--- START ---
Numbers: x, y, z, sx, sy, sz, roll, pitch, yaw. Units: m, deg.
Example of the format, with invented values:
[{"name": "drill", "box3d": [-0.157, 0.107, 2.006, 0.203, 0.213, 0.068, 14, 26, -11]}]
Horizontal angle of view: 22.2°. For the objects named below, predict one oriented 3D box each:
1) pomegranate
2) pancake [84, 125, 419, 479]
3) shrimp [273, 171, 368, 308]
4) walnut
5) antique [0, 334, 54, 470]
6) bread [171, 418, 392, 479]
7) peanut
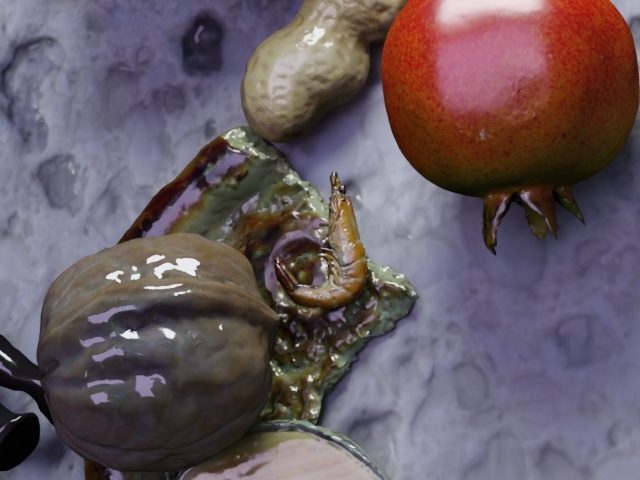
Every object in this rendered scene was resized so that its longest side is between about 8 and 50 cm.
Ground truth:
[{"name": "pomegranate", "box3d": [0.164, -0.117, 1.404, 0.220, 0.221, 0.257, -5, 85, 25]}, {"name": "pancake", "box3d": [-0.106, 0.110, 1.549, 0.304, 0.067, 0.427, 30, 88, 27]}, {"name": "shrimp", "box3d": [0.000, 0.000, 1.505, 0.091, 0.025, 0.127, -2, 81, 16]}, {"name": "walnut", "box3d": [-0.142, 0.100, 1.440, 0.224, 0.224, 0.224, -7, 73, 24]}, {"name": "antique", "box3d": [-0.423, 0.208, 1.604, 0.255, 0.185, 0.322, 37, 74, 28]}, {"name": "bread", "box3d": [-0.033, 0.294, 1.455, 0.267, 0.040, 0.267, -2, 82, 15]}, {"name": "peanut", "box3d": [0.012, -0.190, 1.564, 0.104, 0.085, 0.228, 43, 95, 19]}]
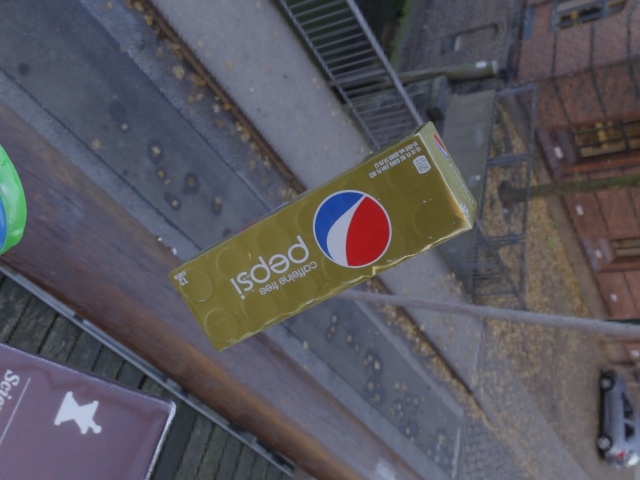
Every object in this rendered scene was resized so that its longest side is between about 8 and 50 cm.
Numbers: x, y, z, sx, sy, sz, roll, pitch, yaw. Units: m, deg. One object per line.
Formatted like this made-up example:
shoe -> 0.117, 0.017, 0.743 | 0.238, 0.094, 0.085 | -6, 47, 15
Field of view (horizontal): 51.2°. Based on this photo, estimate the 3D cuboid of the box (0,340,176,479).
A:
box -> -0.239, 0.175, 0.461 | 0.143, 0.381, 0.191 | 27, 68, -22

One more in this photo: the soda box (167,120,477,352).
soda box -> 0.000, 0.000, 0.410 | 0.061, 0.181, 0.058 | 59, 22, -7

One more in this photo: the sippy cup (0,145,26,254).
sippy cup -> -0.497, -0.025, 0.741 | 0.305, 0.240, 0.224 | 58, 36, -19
--- END ---
--- START ---
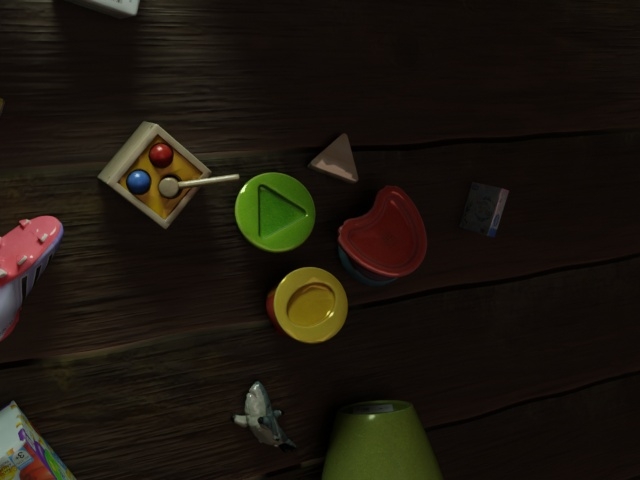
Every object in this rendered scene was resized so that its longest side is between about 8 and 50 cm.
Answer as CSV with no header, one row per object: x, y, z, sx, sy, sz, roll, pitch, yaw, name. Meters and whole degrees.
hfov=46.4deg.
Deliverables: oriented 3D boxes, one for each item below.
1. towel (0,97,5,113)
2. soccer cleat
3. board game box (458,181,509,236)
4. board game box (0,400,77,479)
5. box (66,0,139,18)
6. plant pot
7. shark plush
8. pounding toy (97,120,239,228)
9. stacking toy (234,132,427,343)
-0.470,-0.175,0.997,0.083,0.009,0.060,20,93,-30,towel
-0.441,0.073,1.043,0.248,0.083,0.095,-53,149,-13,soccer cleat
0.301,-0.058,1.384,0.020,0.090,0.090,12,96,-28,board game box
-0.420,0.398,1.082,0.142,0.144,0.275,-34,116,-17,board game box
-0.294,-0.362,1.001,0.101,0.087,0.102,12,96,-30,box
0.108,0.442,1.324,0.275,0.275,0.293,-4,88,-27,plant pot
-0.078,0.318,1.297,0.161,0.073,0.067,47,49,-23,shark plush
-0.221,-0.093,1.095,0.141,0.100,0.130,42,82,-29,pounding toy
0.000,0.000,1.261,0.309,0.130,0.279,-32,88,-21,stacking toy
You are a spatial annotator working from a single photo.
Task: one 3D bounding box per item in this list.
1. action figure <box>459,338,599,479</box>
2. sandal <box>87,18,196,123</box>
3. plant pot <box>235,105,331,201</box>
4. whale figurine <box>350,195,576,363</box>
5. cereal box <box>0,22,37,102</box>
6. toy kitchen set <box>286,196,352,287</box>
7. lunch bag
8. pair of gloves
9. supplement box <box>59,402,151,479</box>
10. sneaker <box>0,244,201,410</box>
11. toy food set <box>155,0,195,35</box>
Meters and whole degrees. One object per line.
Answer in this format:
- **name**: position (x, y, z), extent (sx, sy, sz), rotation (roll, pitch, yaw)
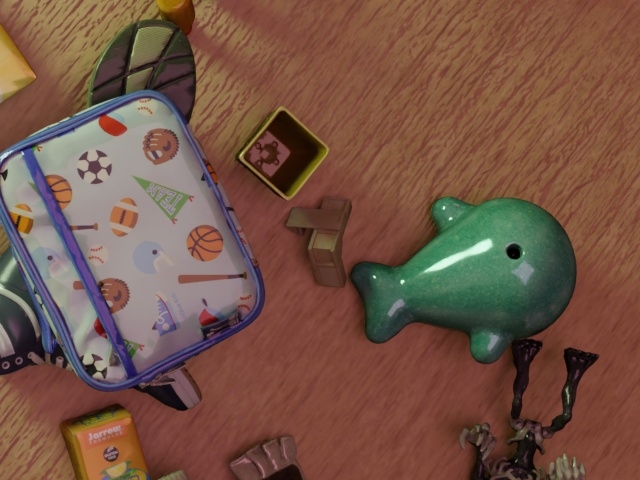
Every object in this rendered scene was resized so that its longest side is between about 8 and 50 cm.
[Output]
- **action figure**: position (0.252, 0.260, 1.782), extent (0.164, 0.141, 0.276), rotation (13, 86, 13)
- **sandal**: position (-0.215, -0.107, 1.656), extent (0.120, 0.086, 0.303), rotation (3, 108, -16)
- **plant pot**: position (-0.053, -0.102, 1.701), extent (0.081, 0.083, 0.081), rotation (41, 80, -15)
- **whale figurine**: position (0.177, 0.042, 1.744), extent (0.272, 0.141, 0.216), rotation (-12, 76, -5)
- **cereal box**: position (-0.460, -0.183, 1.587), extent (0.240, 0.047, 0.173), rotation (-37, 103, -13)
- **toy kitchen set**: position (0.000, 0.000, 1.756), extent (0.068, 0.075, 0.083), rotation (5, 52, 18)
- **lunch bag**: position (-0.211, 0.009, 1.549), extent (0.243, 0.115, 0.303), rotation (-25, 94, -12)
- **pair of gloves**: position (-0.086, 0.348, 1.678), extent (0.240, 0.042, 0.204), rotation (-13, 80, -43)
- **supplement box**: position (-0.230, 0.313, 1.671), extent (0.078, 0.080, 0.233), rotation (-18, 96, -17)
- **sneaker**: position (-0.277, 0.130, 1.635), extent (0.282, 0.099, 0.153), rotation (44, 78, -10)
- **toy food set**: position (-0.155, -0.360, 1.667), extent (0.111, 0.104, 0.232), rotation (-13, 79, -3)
--- END ---
Description of the task ▸ Please copy out every line in the listing that has the string "Numbers".

Finished exercise ▸
Numbers: x, y, z, sx, sy, sz, roll, pitch, yaw. Units: m, deg.
Numbers: x, y, z, sx, sy, sz, roll, pitch, yaw. Units: m, deg. One object per line.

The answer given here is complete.